Package thieves thrive on pandemic, holidays. How to stop them

Crime

Portland postal inspector shares ways to prevent mail theft

CLACKAMAS COUNTY, Ore. (KOIN) — Between the holidays and the pandemic, many more packages are landing on peoples’ porches this winter, creating the perfect opportunity for thieves.

It’s difficult to gauge the exact size and scope of mail and package thefts; most Oregon police agencies don’t keep records specific to the crime.

The Washington County Sheriff’s Office, though, says it has seen an increase in reports of package thefts during the COVID-19 pandemic. During the first 11 months of 2020, 371 mail and “theft from yard” calls were placed, a 50% increase from the previous year.

While the problem exists year round, U.S. Postal Inspector for the Portland region Adam Sale said, “There is a much larger volume of parcels being delivered around this time frame and I think criminals and the general public understand that.”

The U.S. Postal Inspection Service (USPIS) declined to provide KOIN 6 News records showing how frequently mail thefts are reported in Oregon, claiming the numbers are overstated due to unrelated customer complaints like mailbox vandalism and delivery issues.

Nationally, the USPIS initiated 1,278 mail theft cases in fiscal year 2019 and made 2,078 arrests.

“Oftentimes they have co-conspirators,” Sale said when asked why so many more people are arrested compared to the number of cases.

Postal Inspector Adam Sale talks to KOIN 6 News via Zoom.

Co-conspirators either help with the theft itself or the crimes that happen later like bank fraud or identity theft. And the person who swipes a package from your doorstep may have a getaway driver.

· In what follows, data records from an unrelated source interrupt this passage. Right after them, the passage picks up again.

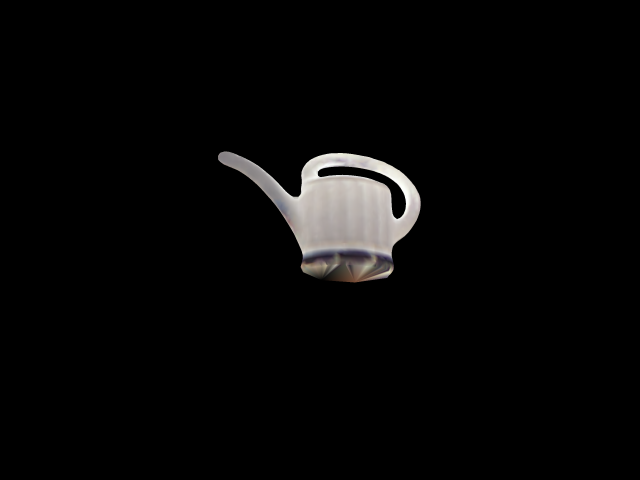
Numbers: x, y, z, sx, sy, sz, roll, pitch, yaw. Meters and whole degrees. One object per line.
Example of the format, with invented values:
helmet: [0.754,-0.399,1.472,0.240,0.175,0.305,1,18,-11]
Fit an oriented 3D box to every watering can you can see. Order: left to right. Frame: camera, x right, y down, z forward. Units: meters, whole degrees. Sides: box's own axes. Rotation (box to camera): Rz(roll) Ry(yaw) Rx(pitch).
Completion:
watering can: [0.003,-0.043,0.850,0.348,0.228,0.102,4,-20,-11]

But porch pirates have a faster reward than someone who steals a letter.

“People who are stealing mail from collection boxes … have to do something with the mail once they get it,” Sale said. “Parcel thieves can exploit whatever is in the box immediately. Either they sell it for money or they use it for their own purposes.”

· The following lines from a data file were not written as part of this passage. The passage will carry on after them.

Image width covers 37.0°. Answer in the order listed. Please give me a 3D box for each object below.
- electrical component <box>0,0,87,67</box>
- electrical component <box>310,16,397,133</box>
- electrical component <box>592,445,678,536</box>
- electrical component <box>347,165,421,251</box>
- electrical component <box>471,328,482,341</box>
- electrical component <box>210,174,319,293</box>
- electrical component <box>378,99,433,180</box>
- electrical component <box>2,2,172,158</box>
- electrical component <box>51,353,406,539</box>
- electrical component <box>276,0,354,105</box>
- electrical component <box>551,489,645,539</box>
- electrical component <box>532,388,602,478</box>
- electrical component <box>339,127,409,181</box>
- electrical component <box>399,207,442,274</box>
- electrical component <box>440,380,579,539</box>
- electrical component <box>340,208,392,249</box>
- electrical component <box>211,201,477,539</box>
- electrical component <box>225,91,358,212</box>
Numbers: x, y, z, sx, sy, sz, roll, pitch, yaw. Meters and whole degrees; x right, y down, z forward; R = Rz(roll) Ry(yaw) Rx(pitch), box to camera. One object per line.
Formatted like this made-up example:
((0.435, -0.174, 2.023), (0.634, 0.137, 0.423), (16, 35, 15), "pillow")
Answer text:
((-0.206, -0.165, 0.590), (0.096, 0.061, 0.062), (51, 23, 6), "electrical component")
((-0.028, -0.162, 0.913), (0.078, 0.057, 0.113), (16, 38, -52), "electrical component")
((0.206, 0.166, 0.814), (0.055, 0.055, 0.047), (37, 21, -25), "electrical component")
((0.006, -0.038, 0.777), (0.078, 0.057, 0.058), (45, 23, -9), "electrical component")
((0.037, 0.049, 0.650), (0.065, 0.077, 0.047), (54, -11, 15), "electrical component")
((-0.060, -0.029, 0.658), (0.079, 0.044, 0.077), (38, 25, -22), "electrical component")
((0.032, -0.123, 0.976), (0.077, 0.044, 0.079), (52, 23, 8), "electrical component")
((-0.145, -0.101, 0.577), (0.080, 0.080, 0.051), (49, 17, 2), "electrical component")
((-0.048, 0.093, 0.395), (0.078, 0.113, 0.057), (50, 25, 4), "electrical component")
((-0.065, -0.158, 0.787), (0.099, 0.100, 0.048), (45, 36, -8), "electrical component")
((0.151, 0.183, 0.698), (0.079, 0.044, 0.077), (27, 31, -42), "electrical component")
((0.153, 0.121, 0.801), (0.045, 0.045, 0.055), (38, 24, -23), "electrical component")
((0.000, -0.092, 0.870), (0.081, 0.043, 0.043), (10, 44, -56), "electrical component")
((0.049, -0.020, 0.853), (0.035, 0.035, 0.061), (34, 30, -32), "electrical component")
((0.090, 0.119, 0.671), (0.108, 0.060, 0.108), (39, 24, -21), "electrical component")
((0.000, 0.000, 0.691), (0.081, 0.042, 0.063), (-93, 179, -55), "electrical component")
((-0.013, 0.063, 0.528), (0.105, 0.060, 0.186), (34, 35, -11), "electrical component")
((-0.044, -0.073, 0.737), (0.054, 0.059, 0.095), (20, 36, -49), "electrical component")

So, just like you wouldn’t leave $10,000 cash sitting out in the open, Sale said the key is to limit opportunities for the crime to happen.

If you know something is arriving, make sure you’re home to bring it in right away, or make other arrangements. Sale recommends having someone else pick it up or having it held at the post office. If you’re going to be away from home for an extended period of time, have the post office hold your mail for you. And avoid leaving mail in a collection box overnight.

“A lot of these thefts happen late at night with no witnesses, so it’s very difficult to investigate them,” Sale said. Personal letters containing money or gift cards are more difficult to track down than mail with banking information, because the USPIS can work with banks and credit card companies to investigate the latter.

If the worst should happen and someone does steal your mail, make sure to report it to the USPIS right away.

“We can’t investigate things we don’t know about,” Sale said.

Resources

Report mail theft to 1-877-876-2455 or online at uspis.gov. Provide as many details as possible, especially if the stolen mail includes banking information or other personally identifiable information.

To hold mail while you’re away, call your local post office or create an account and do it online.